The underdiagnosis remains severe. Roughly 70 percent of women do not receive a diagnosis until they attempt pregnancy, by which point fertility complications have often already begun. Early diagnosis with proper systemic treatment prevents these cascades. Women can achieve the family size they desire, avoid late pregnancies, and sidestep the complications that now devastate so many. The renamed syndrome is a beginning—a signal that the entire system, not just the label, requires repair.

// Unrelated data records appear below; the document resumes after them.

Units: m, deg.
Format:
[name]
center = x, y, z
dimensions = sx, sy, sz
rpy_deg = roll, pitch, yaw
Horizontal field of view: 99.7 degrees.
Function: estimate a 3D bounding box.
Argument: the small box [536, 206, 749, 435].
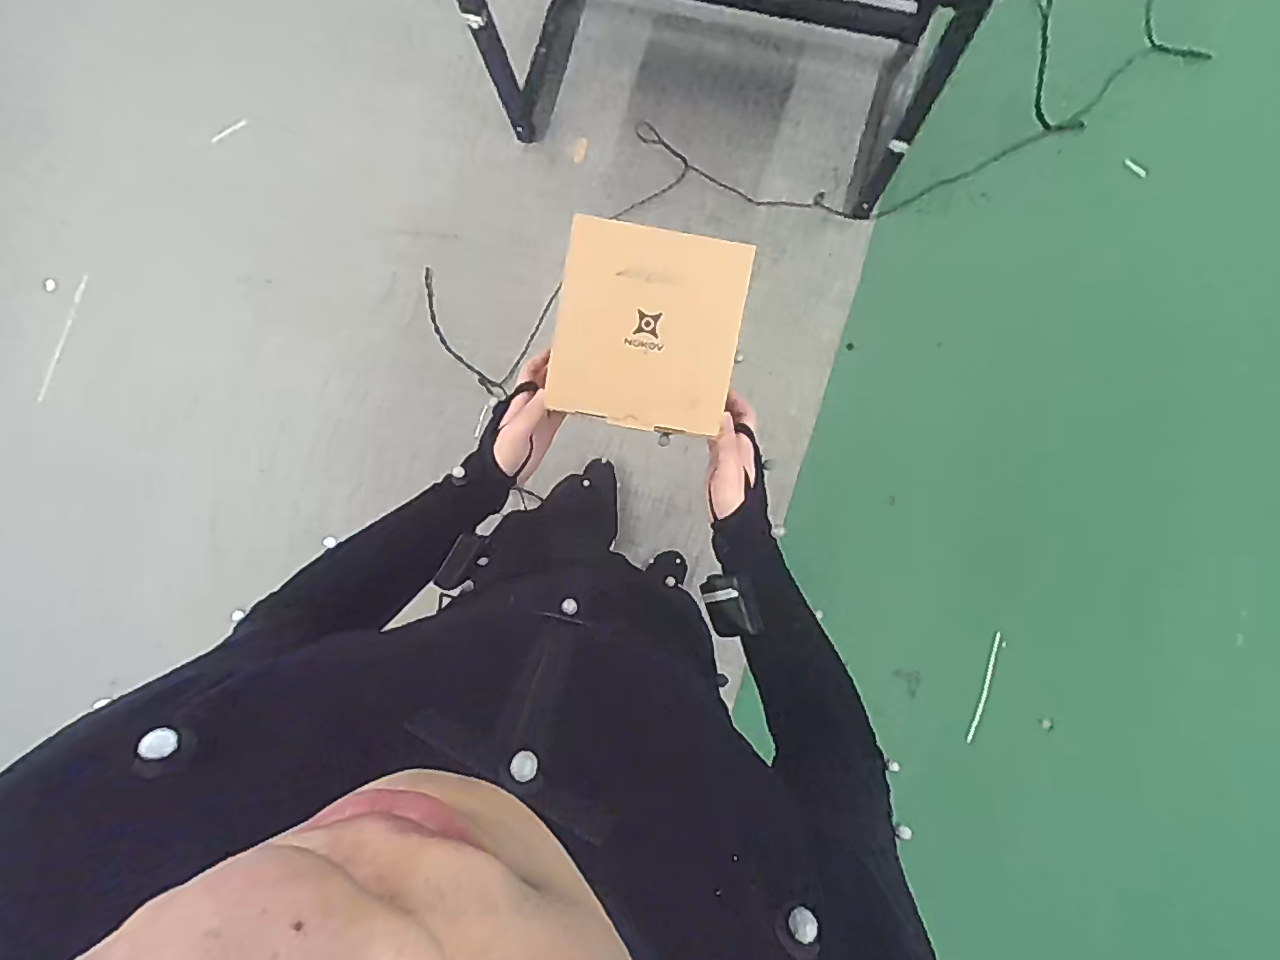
[small box]
center = 0.003, -0.147, 0.558
dimensions = 0.168, 0.176, 0.179
rpy_deg = 10, 95, 0
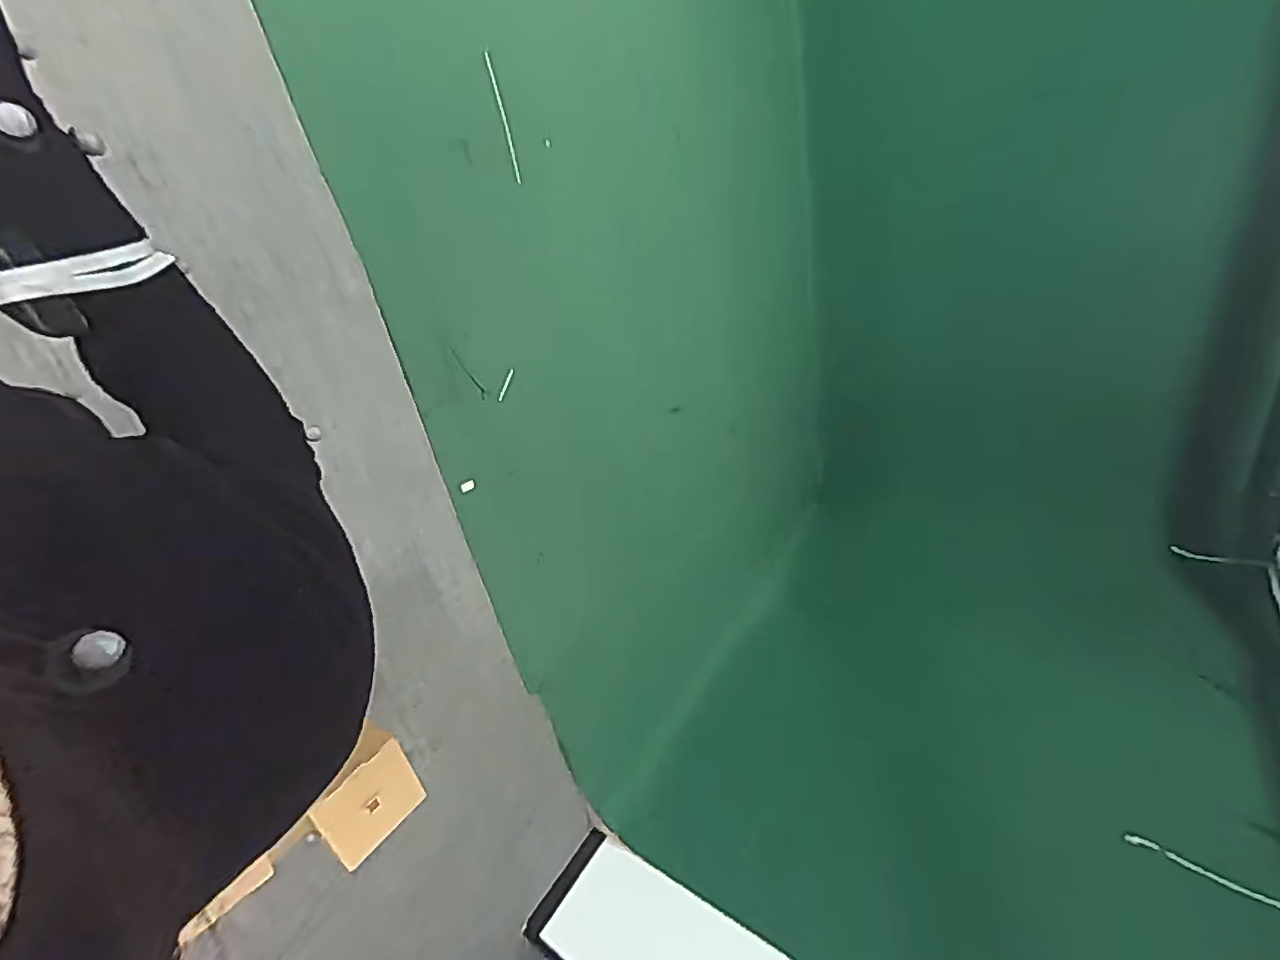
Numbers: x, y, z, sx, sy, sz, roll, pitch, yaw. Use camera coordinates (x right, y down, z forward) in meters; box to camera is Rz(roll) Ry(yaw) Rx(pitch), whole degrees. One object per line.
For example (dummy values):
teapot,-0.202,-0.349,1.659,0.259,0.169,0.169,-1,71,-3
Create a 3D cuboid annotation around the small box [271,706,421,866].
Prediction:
small box,-0.559,0.573,1.034,0.168,0.176,0.179,-37,126,-43

The name was incorrect and didn't reflect what the problem actually was—a disruption of our endocrine or hormonal system. Those affected know they don't have an ovarian syndrome. They know their symptoms are broader, but they've been placed in the wrong category and received inadequate care for too long.
— Helena Teede, president of the International Society of Endocrinology
We can't use lifestyle intervention to make people feel guilty. We can't use it without offering systemic and policy support. And we can't suggest it will be a miracle cure for people with significant obesity—medical or surgical therapy is the only way to make a difference now.
— Helena Teede
La Conversación del Hearth Otra perspectiva de la historia
Inventor

Why did it take fourteen years to change a name?

Model

Because this wasn't just about words. You needed obstetrics, gynecology, endocrinology, cardiology, primary care—all these fields that don't normally talk to each other. And you needed the women living with it to have real power in the room, not just be consulted. That takes time.

Inventor

What happens now that the name has changed?

Model

The hard part begins. The name change opens the door, but you still need to reclassify it in health systems, fund research properly, retrain medical schools, and change how doctors think about it. The name alone doesn't fix anything.

Inventor

You mentioned 70 percent misdiagnosis. How does that happen?

Model

Because doctors are looking for an ovarian problem when the real issue is hormonal chaos affecting the whole body. A woman goes to her gynecologist, gets told her ovaries look fine, and leaves thinking she's fine—even though her insulin is dysregulated and her heart risk is climbing.

Inventor

The lifestyle conversation seemed important to you.

Model

It's the thing that infuriates me most. We tell women to eat less and exercise more, as if their bodies are just like everyone else's. But their insulin resistance makes weight loss biochemically harder. Then when they can't lose weight, we blame them. We'd never accept a treatment that works for one in 1,500 people, but we demand that of women.

Inventor

What about the countries where reproductive health carries social stigma?

Model

If you label a woman with a reproductive disorder in a place where her fertility determines her value, you've just harmed her socially—even though the condition is treatable and doesn't prevent pregnancy. That's why we excluded that term, even though it's medically correct.

Inventor

What does early diagnosis actually change?

Model

Everything. If you catch it before pregnancy attempts, you can prevent the complications. You can treat the hormonal imbalance. Women get the family size they want, without the late pregnancies and the medical crises. Right now, most women don't find out until it's already complicated their fertility.